__Source records__.

....................

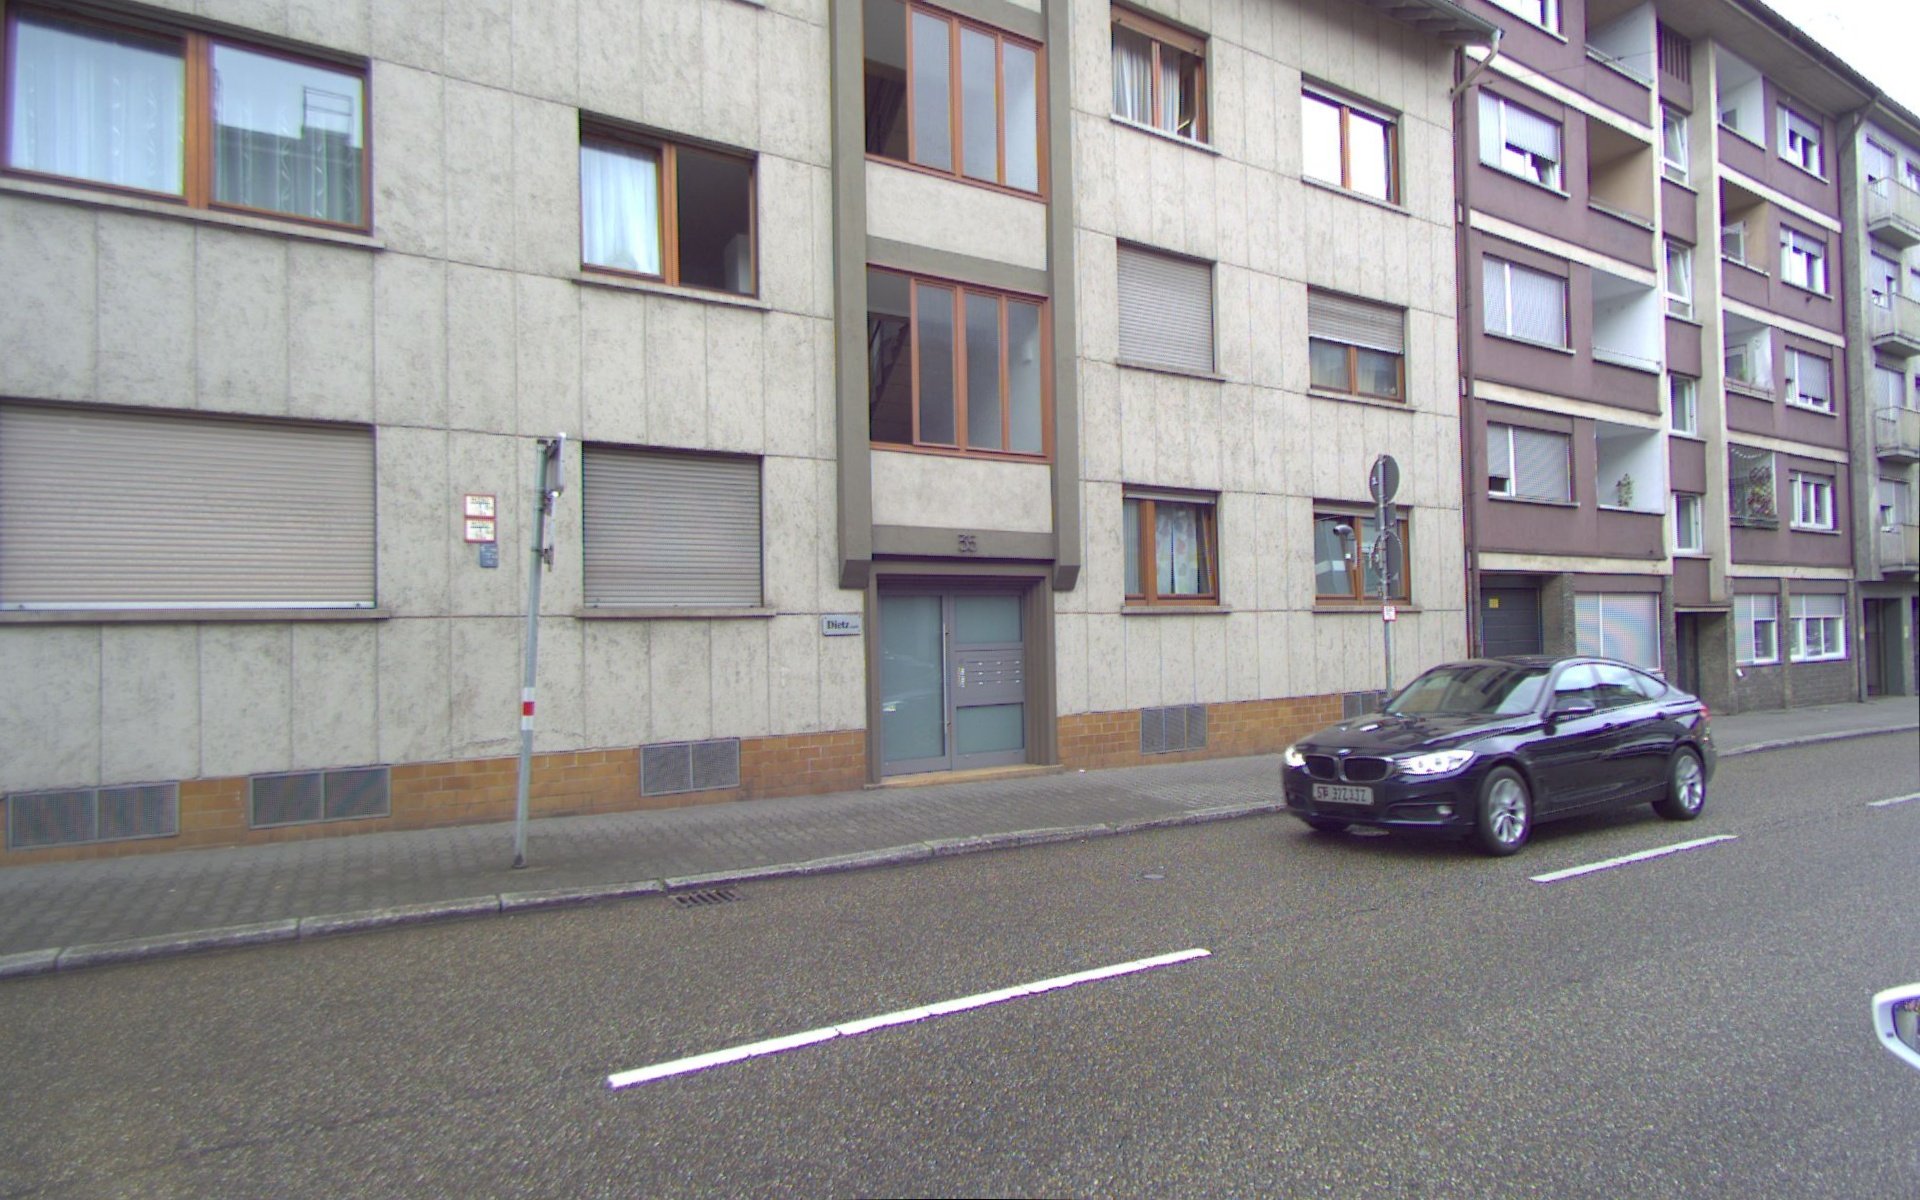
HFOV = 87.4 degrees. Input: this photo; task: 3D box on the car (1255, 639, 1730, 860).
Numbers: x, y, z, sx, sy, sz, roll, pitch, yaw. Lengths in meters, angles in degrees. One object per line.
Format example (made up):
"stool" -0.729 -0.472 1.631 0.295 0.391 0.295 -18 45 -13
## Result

....................

Give the listing above again in its entirety and exactly; do not include the pictures.

HFOV = 87.4 degrees. Input: this photo; task: 3D box on the car (1255, 639, 1730, 860).
Numbers: x, y, z, sx, sy, sz, roll, pitch, yaw. Lengths in meters, angles in degrees. One object per line.
Format example (made up):
"stool" -0.729 -0.472 1.631 0.295 0.391 0.295 -18 45 -13
## Result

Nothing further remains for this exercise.